Understanding savonius turbine wake for 2-D and 3-D simulations: proper orthogonal decomposition of velocity components

Abstract

Savonius turbines, known for their low cost and ease of maintenance, are widely used as small-scale wind and hydrokinetic turbines. However, significant discrepancies exist between two-dimensional (2-D) and three-dimensional (3-D) computational fluid dynamics (CFD) simulations, particularly in predicting wake dynamics. This study investigates wake characteristics across varying tip speed ratios (TSRs) using proper orthogonal decomposition (POD) of velocity components from 3-D simulations. POD analysis reveals that for TSR ≤ 1.0, vortex shedding from blade tips dominates, whereas for TSR > 1.0, rotational motion becomes more prominent, followed by vortex shedding. The vertical velocity component shows dominant POD modes at the rotational frequency and its harmonics, while the streamwise and lateral components are primarily influenced by the vortex shedding frequencies.

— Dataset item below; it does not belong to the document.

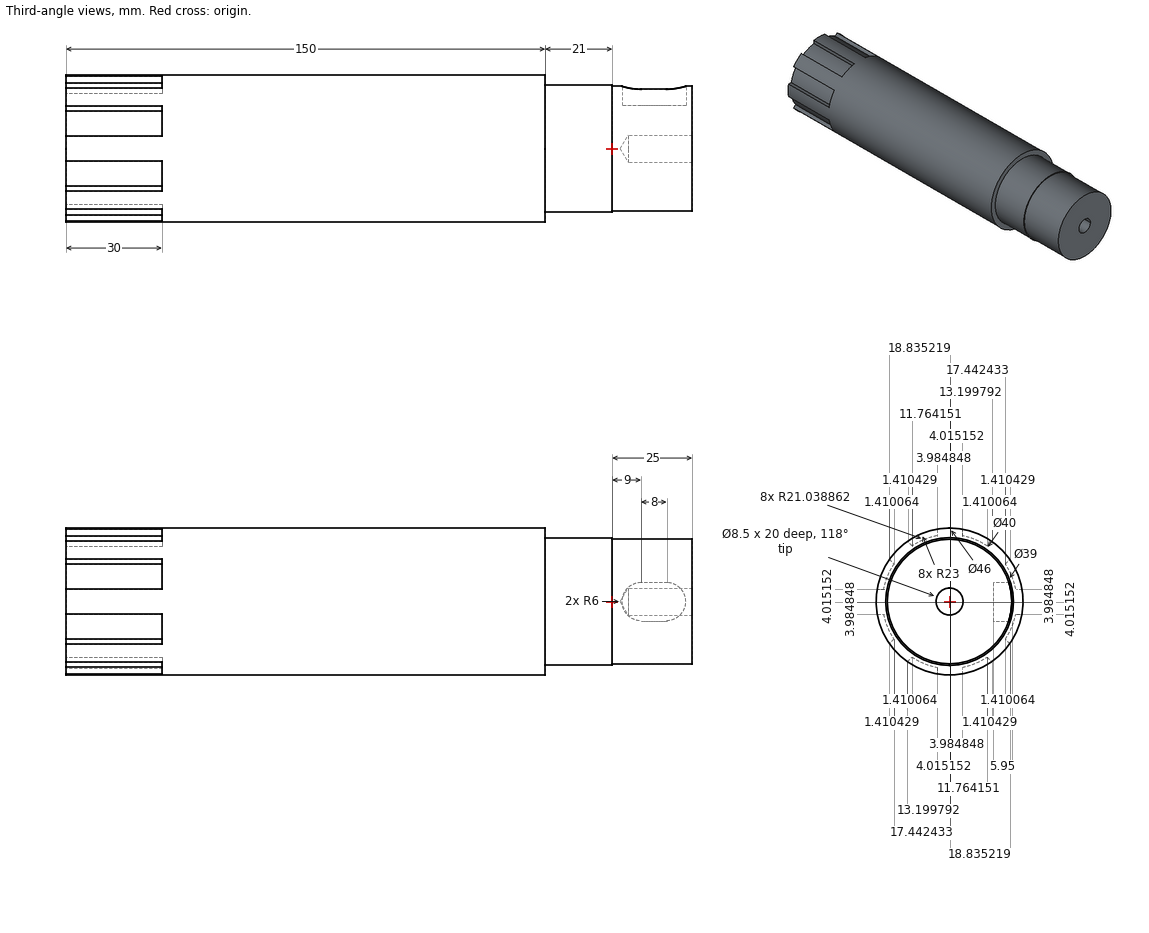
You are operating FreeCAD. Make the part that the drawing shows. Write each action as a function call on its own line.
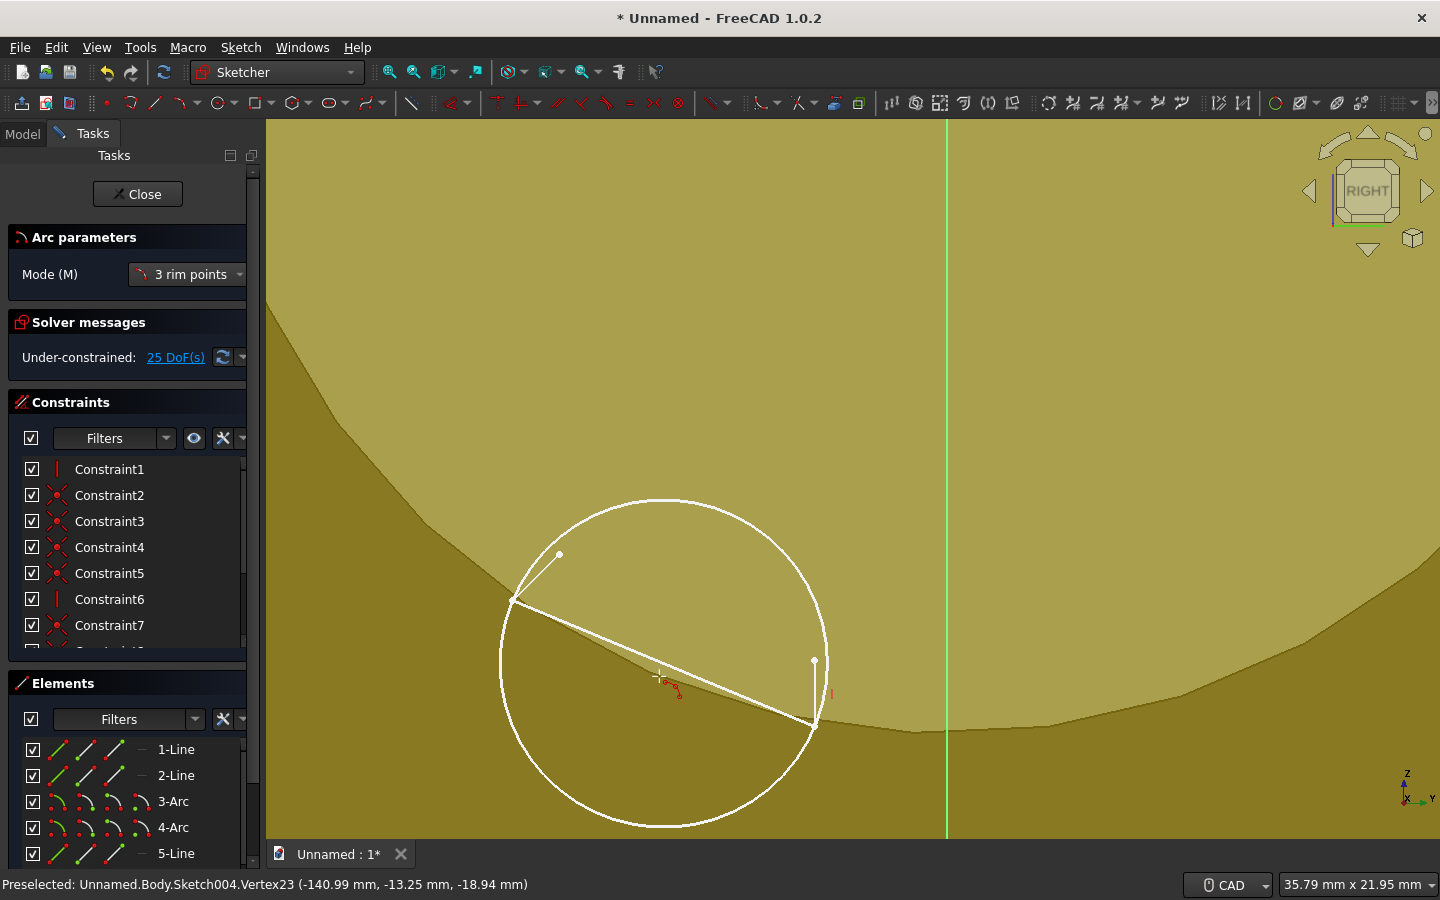
click(658, 676)

These dynamics are absent in 2-D simulations due to the lack of vortex stretching in the third direction, leading to fundamentally different modal structures. Additionally, results show vertical transport is critical to wake recovery, significantly outweighing lateral transport up to two rotor diameters downstream—an effect not captured in 2-D simulations. Since accurate wake modelling is essential for predicting the performance of Savonius turbine arrays, especially in streamwise configurations, the limitations of 2-D simulations pose a challenge. This study provides physical insights into the origins of those limitations and highlights the necessity of 3-D simulations for reliable prediction of array power coefficients. The findings also serve as a foundation for future development of reduced-order models for low-cost array simulations.